The term “Data” refers to both qualitative and quantitative information necessary to reproduce research results. This includes primary data, such as raw experimental results; secondary data, like derived analytical values, and the software code used to derive those values. Data also includes images and videos used for conducting analyses. When quantitative analysis is performed on images, these images are considered raw data, and the resulting numerical values are considered processed data. Images and videos used solely for illustrative purposes are excluded.

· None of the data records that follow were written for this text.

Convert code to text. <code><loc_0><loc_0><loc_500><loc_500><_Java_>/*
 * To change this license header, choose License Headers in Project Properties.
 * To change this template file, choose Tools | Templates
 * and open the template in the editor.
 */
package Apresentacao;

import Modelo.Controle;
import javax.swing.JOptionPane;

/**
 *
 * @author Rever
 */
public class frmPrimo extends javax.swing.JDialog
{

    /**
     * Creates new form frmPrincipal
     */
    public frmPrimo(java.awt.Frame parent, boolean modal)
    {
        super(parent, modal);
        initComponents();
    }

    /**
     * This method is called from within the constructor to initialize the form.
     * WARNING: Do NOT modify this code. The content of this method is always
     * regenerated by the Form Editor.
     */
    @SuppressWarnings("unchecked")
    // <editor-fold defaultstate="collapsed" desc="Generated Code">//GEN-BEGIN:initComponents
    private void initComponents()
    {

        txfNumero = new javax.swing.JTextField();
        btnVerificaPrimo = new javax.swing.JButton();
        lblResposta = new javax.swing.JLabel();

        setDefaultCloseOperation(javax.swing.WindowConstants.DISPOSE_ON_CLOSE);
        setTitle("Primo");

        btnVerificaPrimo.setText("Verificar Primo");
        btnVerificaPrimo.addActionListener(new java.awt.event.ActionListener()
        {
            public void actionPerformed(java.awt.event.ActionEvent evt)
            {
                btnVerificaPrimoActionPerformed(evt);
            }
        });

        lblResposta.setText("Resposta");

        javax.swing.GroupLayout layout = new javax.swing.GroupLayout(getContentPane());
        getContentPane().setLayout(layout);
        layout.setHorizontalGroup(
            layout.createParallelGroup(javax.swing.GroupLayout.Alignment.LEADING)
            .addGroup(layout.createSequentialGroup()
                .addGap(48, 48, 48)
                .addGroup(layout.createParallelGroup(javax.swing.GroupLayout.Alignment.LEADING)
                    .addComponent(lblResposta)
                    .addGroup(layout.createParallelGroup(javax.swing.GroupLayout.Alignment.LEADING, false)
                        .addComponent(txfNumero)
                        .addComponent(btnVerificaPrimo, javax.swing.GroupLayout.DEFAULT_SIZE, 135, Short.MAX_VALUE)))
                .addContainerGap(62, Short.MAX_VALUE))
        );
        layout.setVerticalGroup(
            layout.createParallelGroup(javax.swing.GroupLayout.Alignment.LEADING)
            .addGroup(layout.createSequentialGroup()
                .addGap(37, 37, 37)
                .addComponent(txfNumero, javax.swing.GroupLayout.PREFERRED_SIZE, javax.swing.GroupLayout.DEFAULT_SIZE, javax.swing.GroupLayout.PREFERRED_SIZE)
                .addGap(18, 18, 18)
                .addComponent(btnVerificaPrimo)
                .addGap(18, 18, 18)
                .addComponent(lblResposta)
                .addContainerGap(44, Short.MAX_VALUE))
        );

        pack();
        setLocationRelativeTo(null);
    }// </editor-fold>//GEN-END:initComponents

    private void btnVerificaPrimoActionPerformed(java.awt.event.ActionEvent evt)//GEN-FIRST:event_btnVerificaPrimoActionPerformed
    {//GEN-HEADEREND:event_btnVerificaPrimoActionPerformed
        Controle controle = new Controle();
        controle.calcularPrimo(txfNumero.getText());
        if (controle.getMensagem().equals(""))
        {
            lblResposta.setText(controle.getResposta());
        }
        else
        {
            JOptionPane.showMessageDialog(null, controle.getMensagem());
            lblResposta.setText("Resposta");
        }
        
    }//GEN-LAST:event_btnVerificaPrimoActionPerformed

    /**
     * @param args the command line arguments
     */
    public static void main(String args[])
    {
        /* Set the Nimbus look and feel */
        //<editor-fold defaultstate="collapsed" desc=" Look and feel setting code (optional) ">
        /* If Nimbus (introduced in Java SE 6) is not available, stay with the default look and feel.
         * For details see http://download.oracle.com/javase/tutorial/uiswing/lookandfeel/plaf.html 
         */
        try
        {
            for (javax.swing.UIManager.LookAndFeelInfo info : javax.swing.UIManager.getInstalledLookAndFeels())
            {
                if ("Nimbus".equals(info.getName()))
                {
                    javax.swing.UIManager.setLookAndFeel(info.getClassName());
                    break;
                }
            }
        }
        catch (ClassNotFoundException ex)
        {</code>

Sampling framework and selection process

Research groups within the biosciences at the University of Edinburgh were selected for study, based on the educational interests of five student researchers. 57 groups were selected from the University’s public research websites in the following areas: Non-Communicable Diseases (NCDs), Infectious Diseases and their treatments (InfD), Microbial Biotechnology (BioTech), Stem Cells and Regeneration (SRM). In each area, all research groups in the School of Biological Sciences were selected. Of the 57 research groups included in the study, 17 were based in the College of Medicine, not in the School of Biological Sciences, but focused on similar research areas. This allowed each student to score and analyse around 100 articles within their project time limit.

Articles were retrieved from the University of Edinburgh’s public-facing research portal, Edinburgh Research Explorer (https://www.research.ed.ac.uk/) [26], This portal is powered by the Elsevier Pure system and serves as a curated institutional research information system, designed to ensure the visibility, discoverability, and accessibility of all research outputs affiliated with the University of Edinburgh. This system is required for the University to fulfill our UK funder’s Open Access mandate [24]. Article deposit is mandatory (including imports from Scopus, ORCID, PubMed and other sources). Deposits and authors’ affiliations to the University are manually curated by support staff. The system’s coverage of research articles is very high, because the University’s core funding depends upon it.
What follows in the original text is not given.